Anoche me marché a la cama muy temprano, justo después de cenar. Estaba enfadada porque mi equipo de fútbol había sido eliminado de la Copa del Rey. Los comentaristas de la televisión decían que el árbitro había perjudicado a mi equipo. No pude dejar de pensar en el árbitro cuando estaba durmiéndome y creo que, al final, el sueño que tuve fue debido a mi enfado.
Lo primero que recuerdo es que estaba en medio de un campo de fútbol. Era un campo verde, con las líneas perfectamente pintadas de blanco, inmenso y de lo grande que era, me parecía que estaba yo sola. Pero no lo estaba, pasados unos segundos pude ver que a mi derecha estaban los jugadores de un equipo, vestidos de rojo y próximos a una portería; en la portería de la izquierda, los jugadores de otro equipo estaban vestidos de azul. De pronto, oí el pitido de un silbato, que yo misma había soplado, y los jugadores de los dos equipos comenzaron a correr hacia mí. En ese momento miré hacia mis pies y vi un balón de fútbol. También vi que iba vestida como el árbitro de un partido de fútbol, con pantalones negros y camiseta rosa, pero no de un rosa cualquiera, el rosa era un rosa chicle, chillón, que se veía a kilómetros de distancia.

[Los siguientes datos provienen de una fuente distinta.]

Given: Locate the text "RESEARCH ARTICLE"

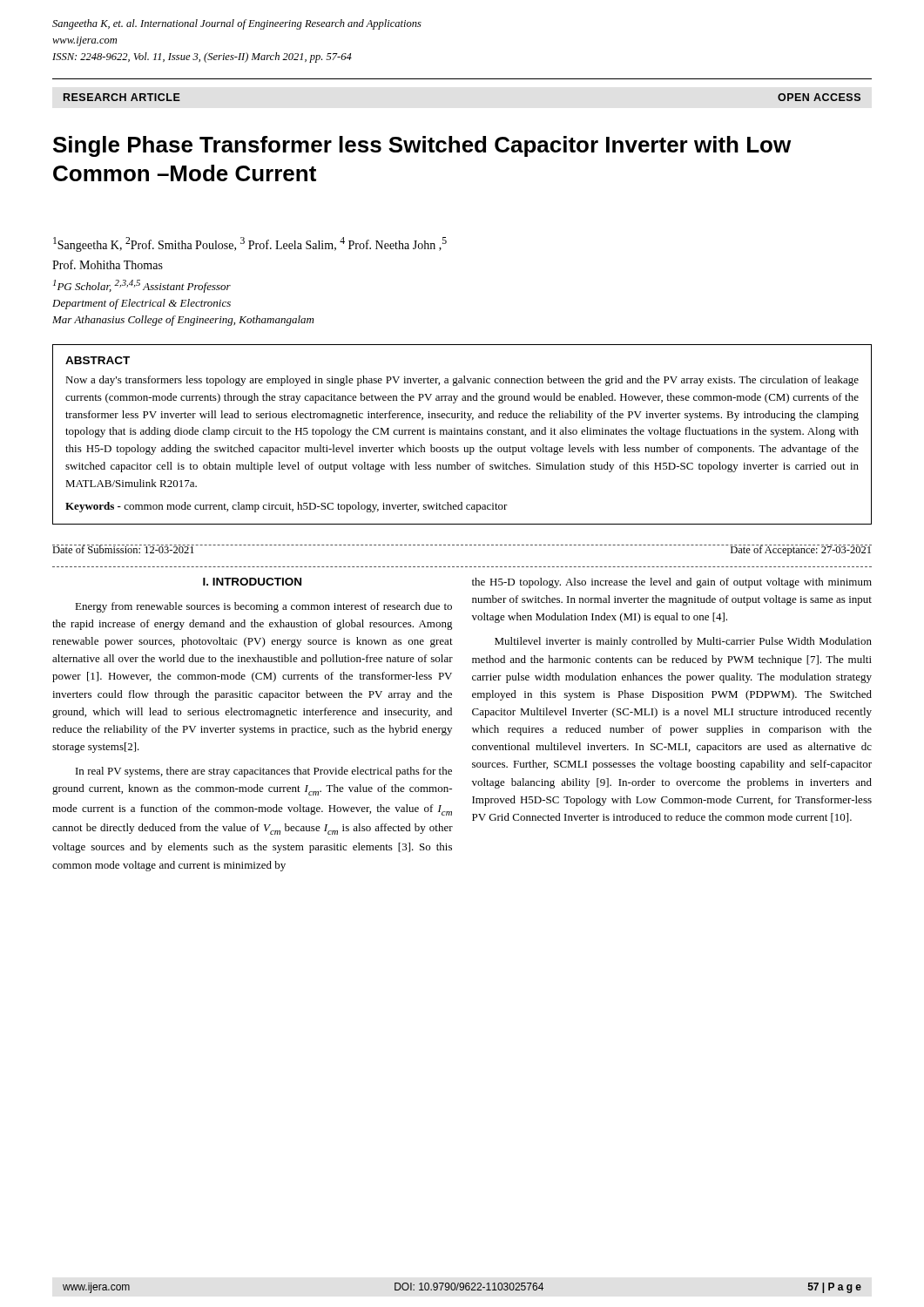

El público que llenaba las gradas cantaba, gritaba y movía sus bufandas rojas y azules. Cuando vi de cerca a los primeros jugadores corriendo, me asusté. Tenían sus caras enfadadas y me miraban como los guerreros miran a sus enemigos. Allí estaba yo, vestida de un color rosa “discreto”, lo idóneo para camuflarme para que no me vieran. Pero no pasó nada cuando llegaron los primeros jugadores, todos me dieron la mano y me sonrieron.

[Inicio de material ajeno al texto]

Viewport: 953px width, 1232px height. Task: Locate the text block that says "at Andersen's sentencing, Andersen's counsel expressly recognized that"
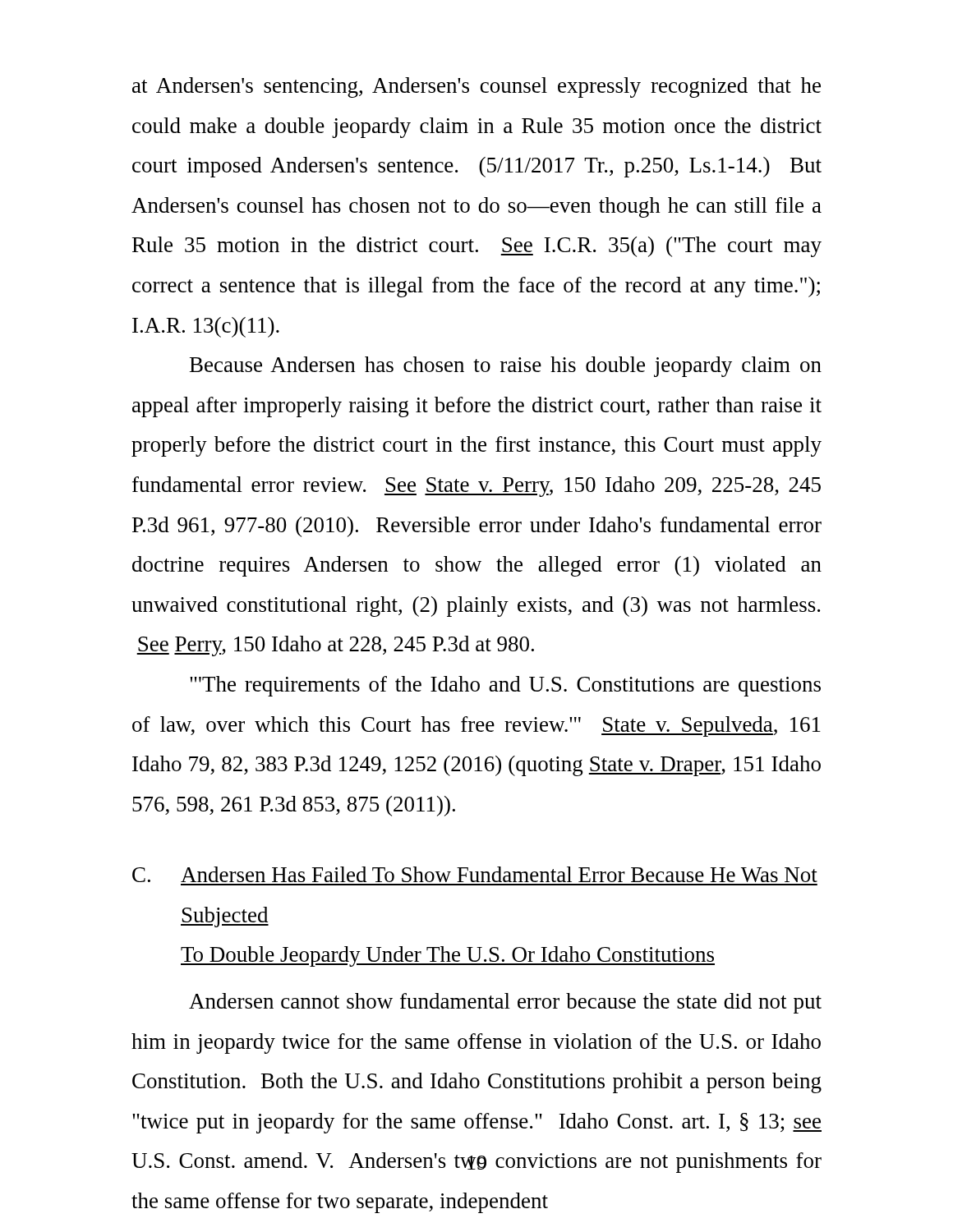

En ese momento, la pelota se había hecho más pequeña y los jugadores se habían transformado en jugadores de futbolín. Eran de madera, la mitad pintados de rojo y la otra mitad de azul, con una barra de hierro atravesando sus cuerpos. Sus caras eran ridículas, pero allí estaba el futbolín y allí estaba yo. De pronto, oí una voz que decía: “Señoras y señores, bienvenidos a la Copa del Mundo de Futbolín”. Entonces, aparecieron un tailandés enano vestido de rojo y un gigante ruso vestido de azul. Eran los dos finalistas y yo era el árbitro de la final.
De lo que ocurrió después no recuerdo mucho. No sé si fue una final disputada, no sé quién ganó, pero sí creo que yo debí hacerlo bien porque los dos finalistas me abrazaron y en sus idiomas me dijeron: “Gracias, lo has hecho muy bien”. Yo no sé hablar tailandés ni ruso, pero les entendí perfectamente.
Cuando me estaba despertando, he notado que estaba buscando una bola de futbolín entre las sábanas. Por supuesto, la bola no estaba.